> _Task brief_: Take the line containing "Where should I" and each line after it through the end of the data below, and return them exactly, minus any pictures.

> _Source records_:
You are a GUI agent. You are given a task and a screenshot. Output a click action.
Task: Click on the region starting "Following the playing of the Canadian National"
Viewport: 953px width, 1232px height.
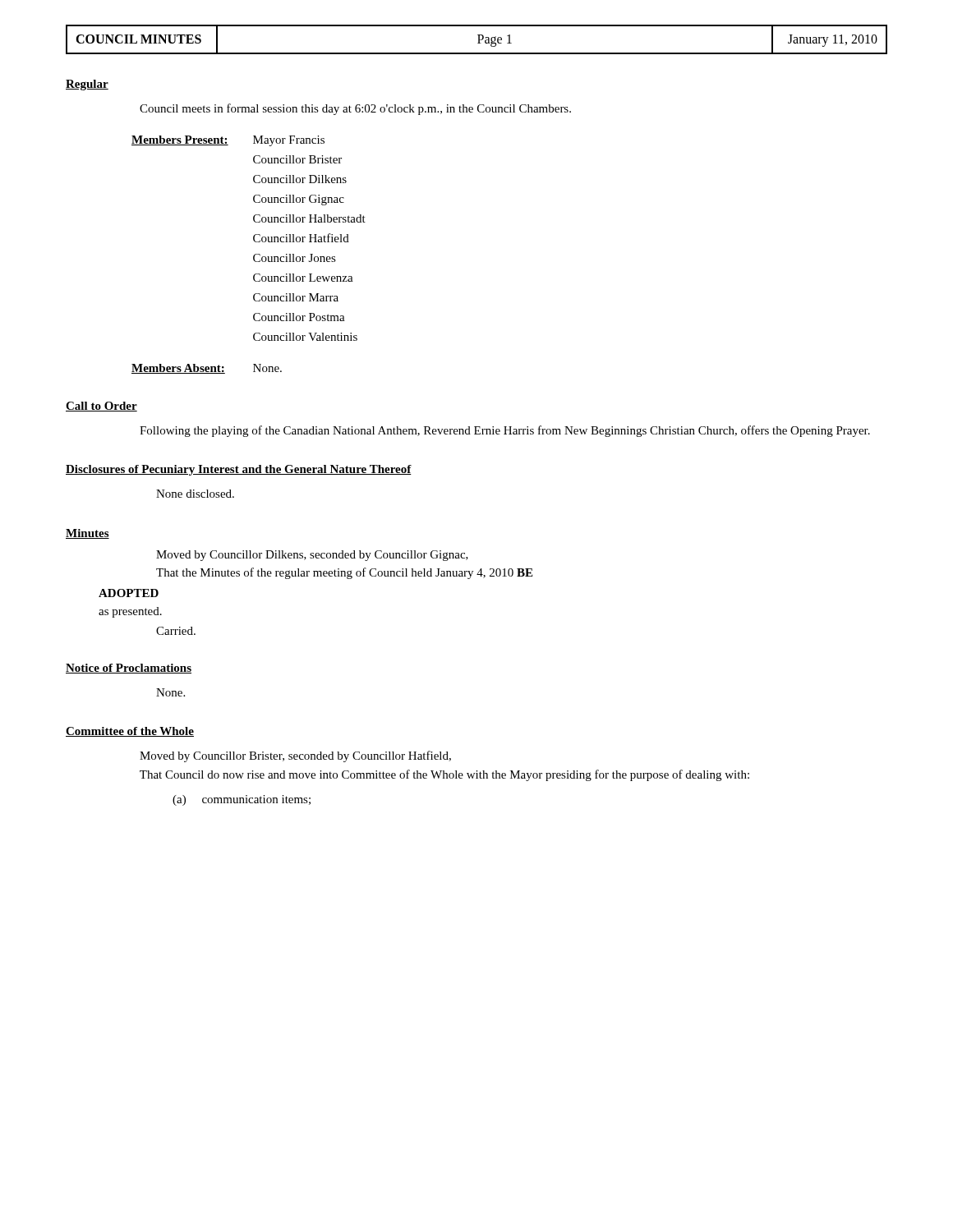pos(468,430)
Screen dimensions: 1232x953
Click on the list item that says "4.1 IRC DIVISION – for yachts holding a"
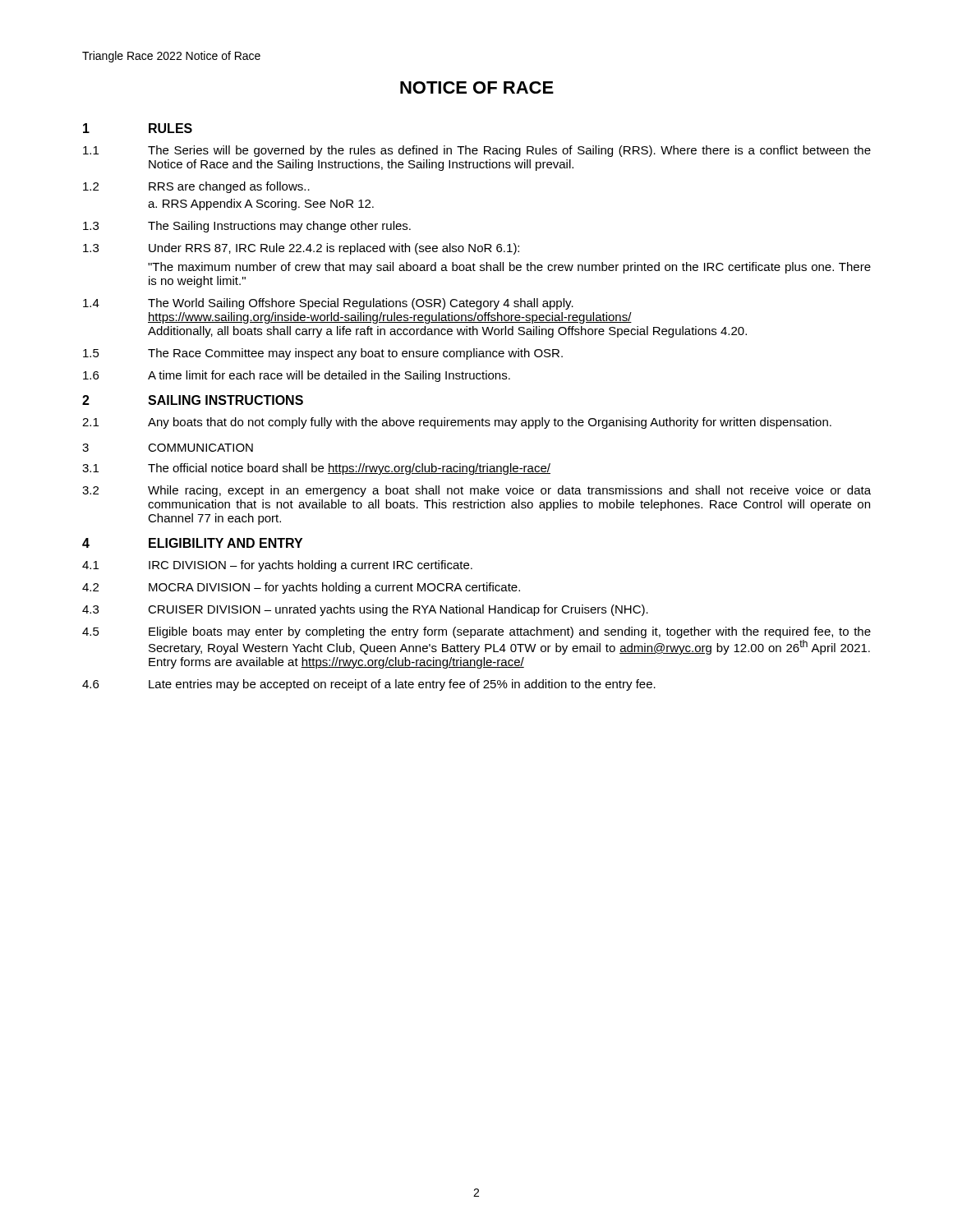476,565
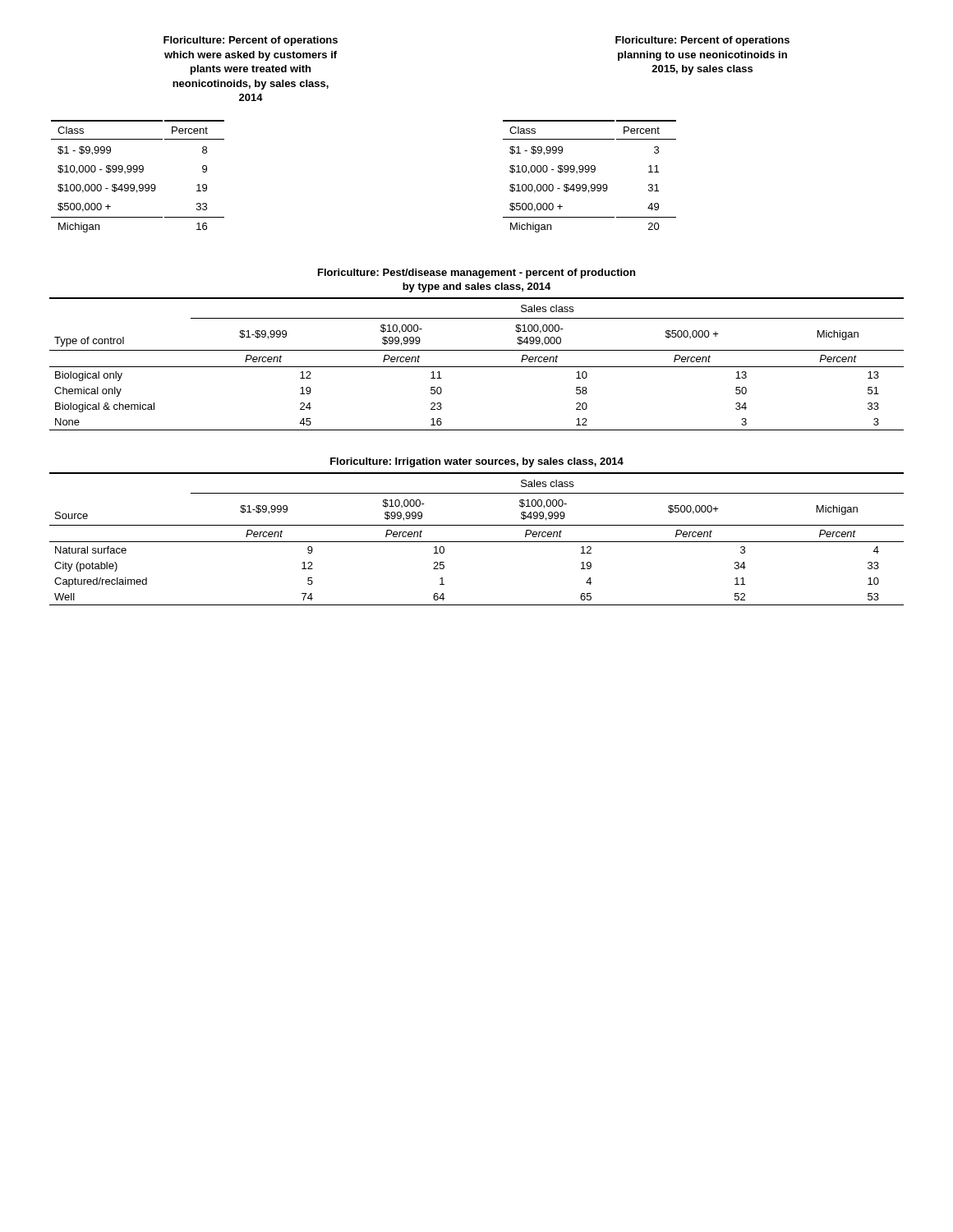Select the table that reads "Biological only"
The image size is (953, 1232).
476,364
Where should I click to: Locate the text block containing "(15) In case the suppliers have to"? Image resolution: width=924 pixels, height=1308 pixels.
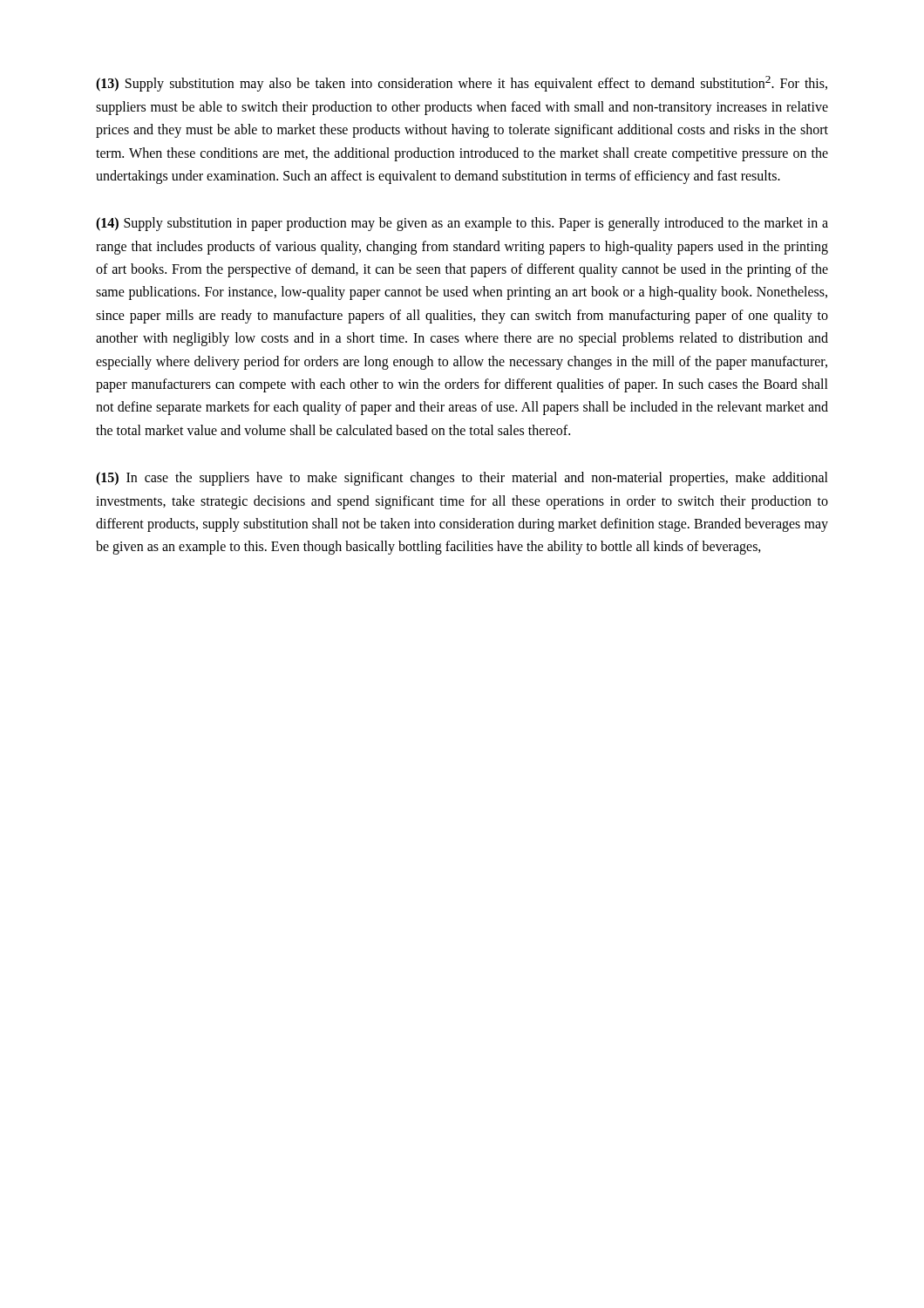pos(462,512)
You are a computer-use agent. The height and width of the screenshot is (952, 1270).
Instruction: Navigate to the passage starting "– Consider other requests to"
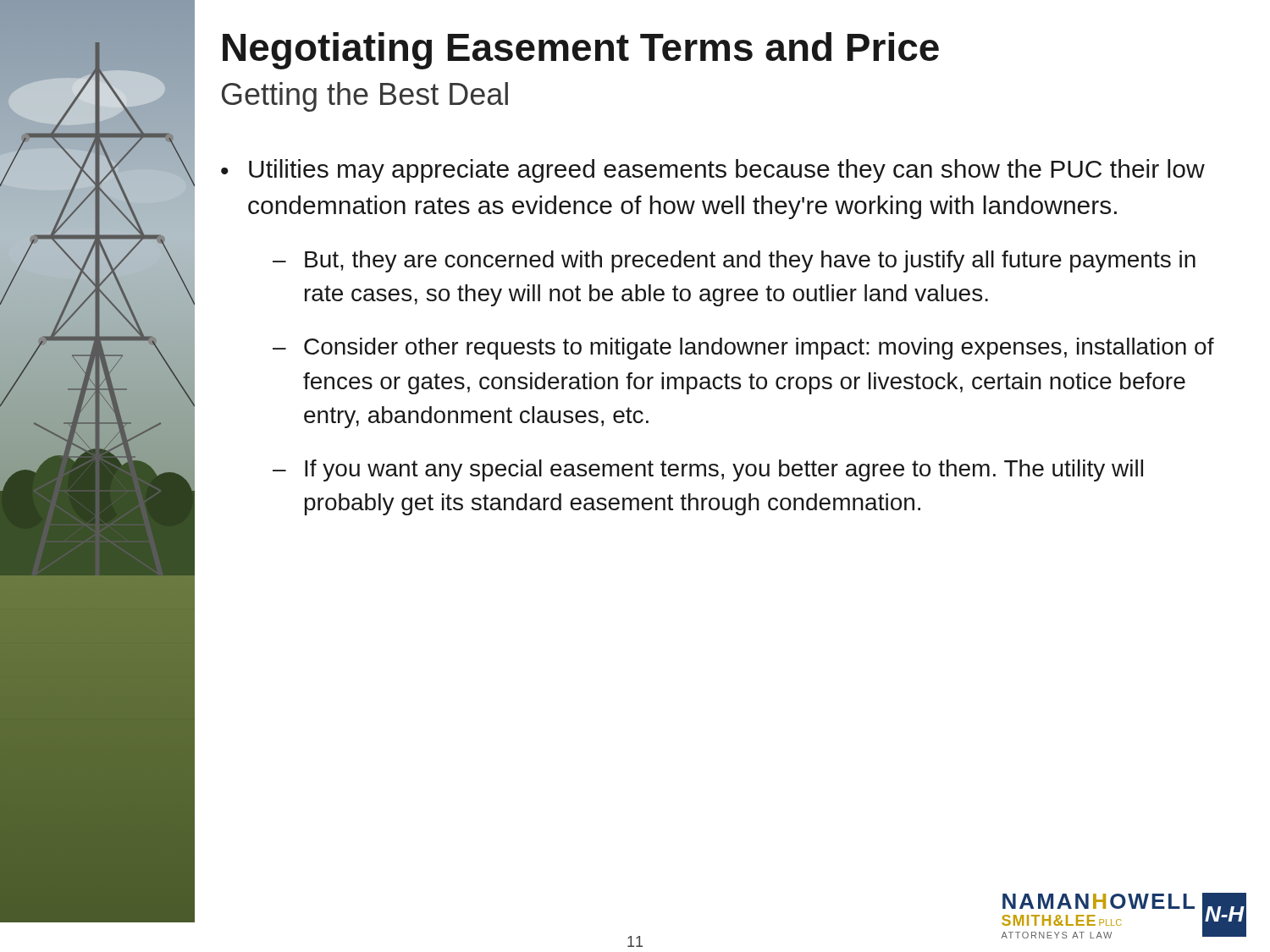coord(754,382)
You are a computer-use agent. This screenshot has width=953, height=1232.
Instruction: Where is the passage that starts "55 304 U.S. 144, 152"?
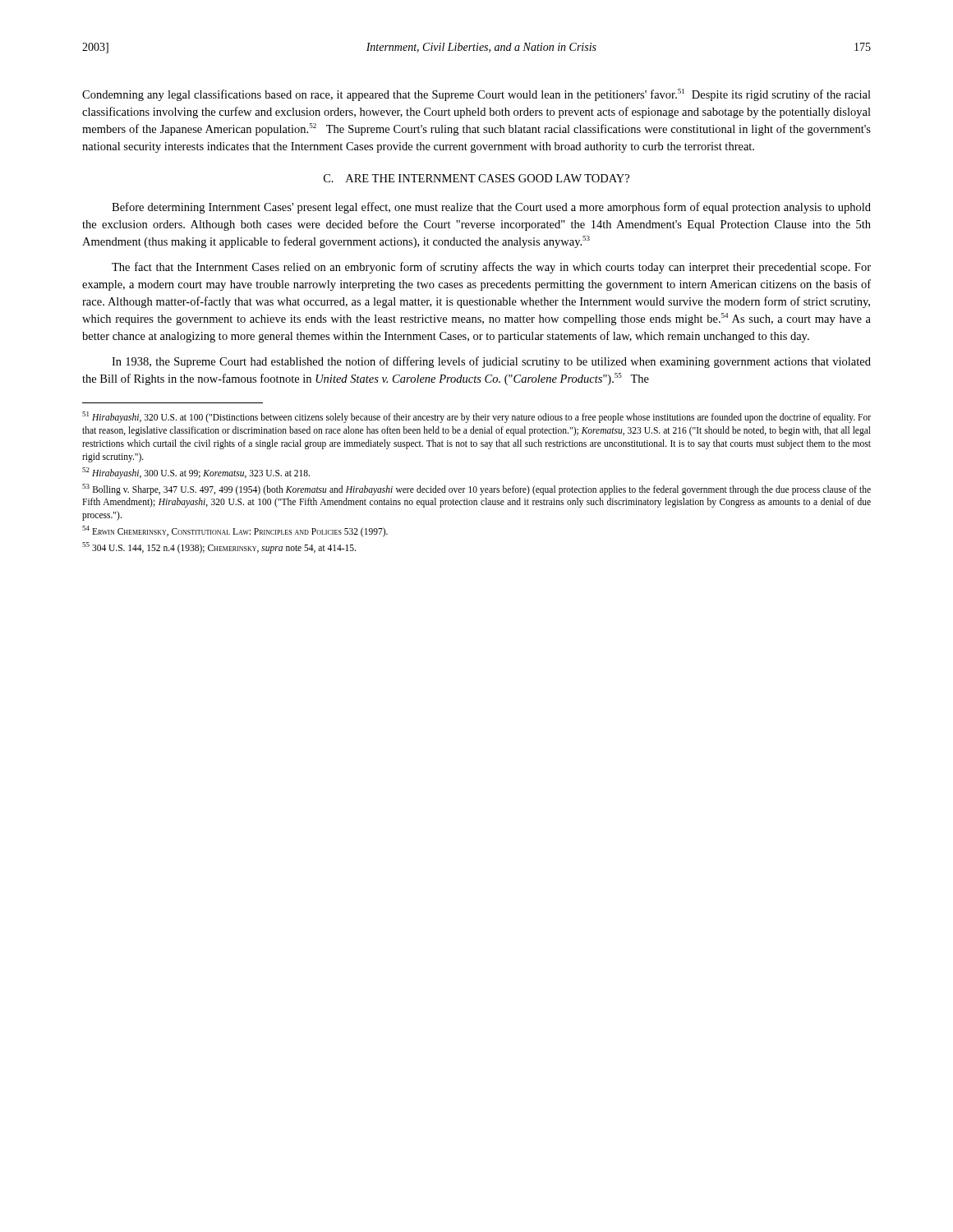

> _Written response_:
Where should I click to: Locate the text block containing "(15) In case the suppliers have to"? Image resolution: width=924 pixels, height=1308 pixels.
pos(462,512)
You are a computer-use agent. The height and width of the screenshot is (952, 1270).
Instruction: Navigate to the passage starting "– Consider other requests to"
coord(754,382)
You are a computer-use agent. This screenshot has width=953, height=1232.
Instruction: Where is the passage that starts "55 304 U.S. 144, 152"?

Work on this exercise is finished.